==== SUPPLIED RECORDS
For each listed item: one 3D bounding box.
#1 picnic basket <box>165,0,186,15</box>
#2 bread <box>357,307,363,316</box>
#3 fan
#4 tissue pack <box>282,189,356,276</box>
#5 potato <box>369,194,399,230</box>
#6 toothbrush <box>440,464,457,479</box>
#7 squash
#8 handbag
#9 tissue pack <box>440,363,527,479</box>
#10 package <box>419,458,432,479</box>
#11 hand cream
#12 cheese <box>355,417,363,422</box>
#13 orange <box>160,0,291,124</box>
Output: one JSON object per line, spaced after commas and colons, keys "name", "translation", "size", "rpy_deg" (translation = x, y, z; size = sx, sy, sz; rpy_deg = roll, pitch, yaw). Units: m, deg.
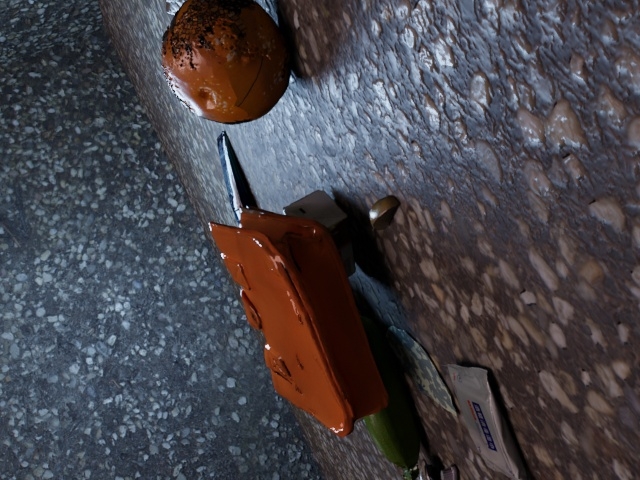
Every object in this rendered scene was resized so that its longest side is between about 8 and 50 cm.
{"name": "picnic basket", "translation": [-0.212, -0.480, 1.263], "size": [0.128, 0.138, 0.178], "rpy_deg": [25, 153, 1]}
{"name": "bread", "translation": [0.044, 0.153, 1.507], "size": [0.233, 0.076, 0.105], "rpy_deg": [56, 176, 10]}
{"name": "fan", "translation": [0.176, 0.226, 1.289], "size": [0.240, 0.009, 0.131], "rpy_deg": [46, 155, 53]}
{"name": "tissue pack", "translation": [0.001, 0.000, 1.358], "size": [0.106, 0.099, 0.149], "rpy_deg": [45, 155, 41]}
{"name": "potato", "translation": [0.090, -0.045, 1.101], "size": [0.093, 0.037, 0.036], "rpy_deg": [106, 142, -69]}
{"name": "toothbrush", "translation": [0.268, 0.557, 1.459], "size": [0.024, 0.029, 0.354], "rpy_deg": [-107, 3, -49]}
{"name": "squash", "translation": [0.125, 0.320, 1.443], "size": [0.379, 0.101, 0.101], "rpy_deg": [68, 165, -15]}
{"name": "handbag", "translation": [-0.045, 0.143, 1.330], "size": [0.303, 0.116, 0.410], "rpy_deg": [12, 127, 55]}
{"name": "tissue pack", "translation": [0.248, 0.272, 1.073], "size": [0.193, 0.026, 0.122], "rpy_deg": [67, 165, -7]}
{"name": "package", "translation": [0.237, 0.561, 1.451], "size": [0.166, 0.040, 0.232], "rpy_deg": [76, 179, -70]}
{"name": "hand cream", "translation": [-0.250, -0.175, 2.067], "size": [0.120, 0.061, 0.271], "rpy_deg": [165, 86, -74]}
{"name": "cheese", "translation": [0.047, 0.315, 1.593], "size": [0.198, 0.154, 0.189], "rpy_deg": [95, 159, -55]}
{"name": "orange", "translation": [-0.163, -0.308, 1.238], "size": [0.234, 0.234, 0.182], "rpy_deg": [81, -158, -47]}
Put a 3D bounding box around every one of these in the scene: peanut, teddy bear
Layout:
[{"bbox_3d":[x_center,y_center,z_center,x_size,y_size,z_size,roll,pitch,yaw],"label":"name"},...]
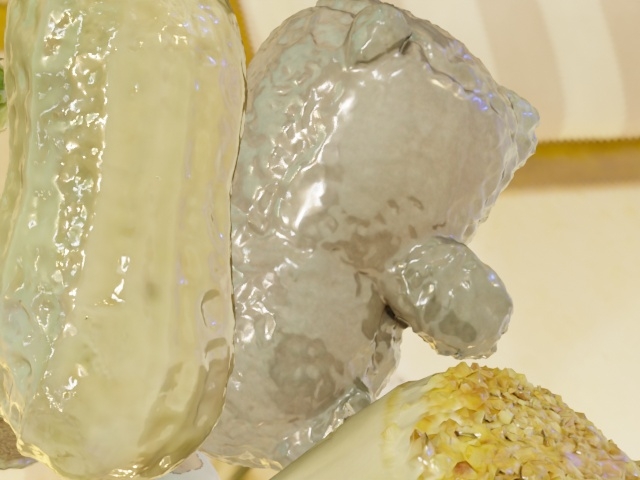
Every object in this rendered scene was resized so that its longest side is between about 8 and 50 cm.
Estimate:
========
Copy out each line of the listing that holds "roll".

**SOLUTION FOR THIS TASK**.
Output: one JSON object per line, spaced after commas and colons, keys "name", "translation", "size", "rpy_deg" (translation = x, y, z; size = sx, sy, sz; rpy_deg = roll, pitch, yaw). Units: m, deg.
[{"bbox_3d":[x_center,y_center,z_center,x_size,y_size,z_size,roll,pitch,yaw],"label":"name"},...]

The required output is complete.